Mountain in Washington (state), United States

Blackbeard Peak, also spelled Black Beard Peak, is a 7,241-foot (2,207 m) mountain summit in the North Cascades in the U.S. state of Washington. It is located in the Okanogan–Wenatchee National Forest in Skagit County. It is situated northwest of Rainy Pass, southwest of Porcupine Peak, and southeast of Graybeard Peak. Its nearest higher neighbor is Repulse Peak, 1.06 mi to the west. Blackbeard Peak can be seen from the North Cascades Highway. Precipitation runoff from Blackbeard Peak drains into Granite Creek, a tributary of the Skagit River. Topographic relief is significant as the summit rises over 3000 ft above Granite Creek in one mile (1.6 km).

==Climate==
Most weather fronts originating in the Pacific Ocean travel northeast toward the Cascade Mountains.
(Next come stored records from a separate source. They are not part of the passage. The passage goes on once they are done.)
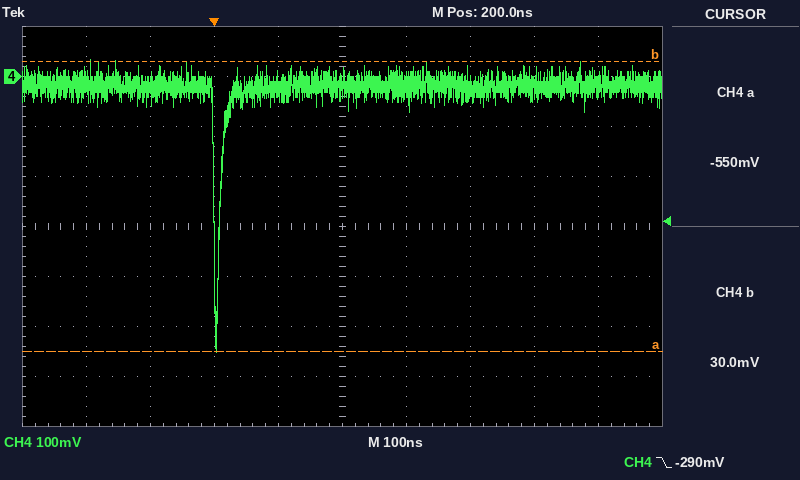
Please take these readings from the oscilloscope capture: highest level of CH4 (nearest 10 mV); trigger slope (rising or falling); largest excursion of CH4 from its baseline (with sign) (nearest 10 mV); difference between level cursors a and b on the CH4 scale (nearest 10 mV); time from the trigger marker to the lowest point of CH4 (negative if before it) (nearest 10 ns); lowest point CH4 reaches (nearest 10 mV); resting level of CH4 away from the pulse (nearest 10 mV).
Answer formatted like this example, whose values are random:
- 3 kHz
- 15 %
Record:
- 30 mV
- falling
- -530 mV
- 580 mV
- 0 ns
- -550 mV
- -20 mV

As fronts approach the North Cascades, they are forced upward by the peaks of the Cascade Range (orographic lift), causing them to drop their moisture in the form of rain or snowfall onto the Cascades. As a result, the west side of the North Cascades experiences high precipitation, especially during the winter months in the form of snowfall. Because of maritime influence, snow tends to be wet and heavy, resulting in high avalanche danger. During winter months, weather is usually cloudy, but due to high pressure systems over the Pacific Ocean that intensify during summer months, there is often little or no cloud cover during the summer.

==Geology==
The North Cascades features some of the most rugged topography in the Cascade Range with craggy peaks and ridges and deep glacial valleys. Geological events occurring many years ago created the diverse topography and drastic elevation changes over the Cascade Range leading to the various climate differences. These climate differences lead to vegetation variety defining the ecoregions in this area.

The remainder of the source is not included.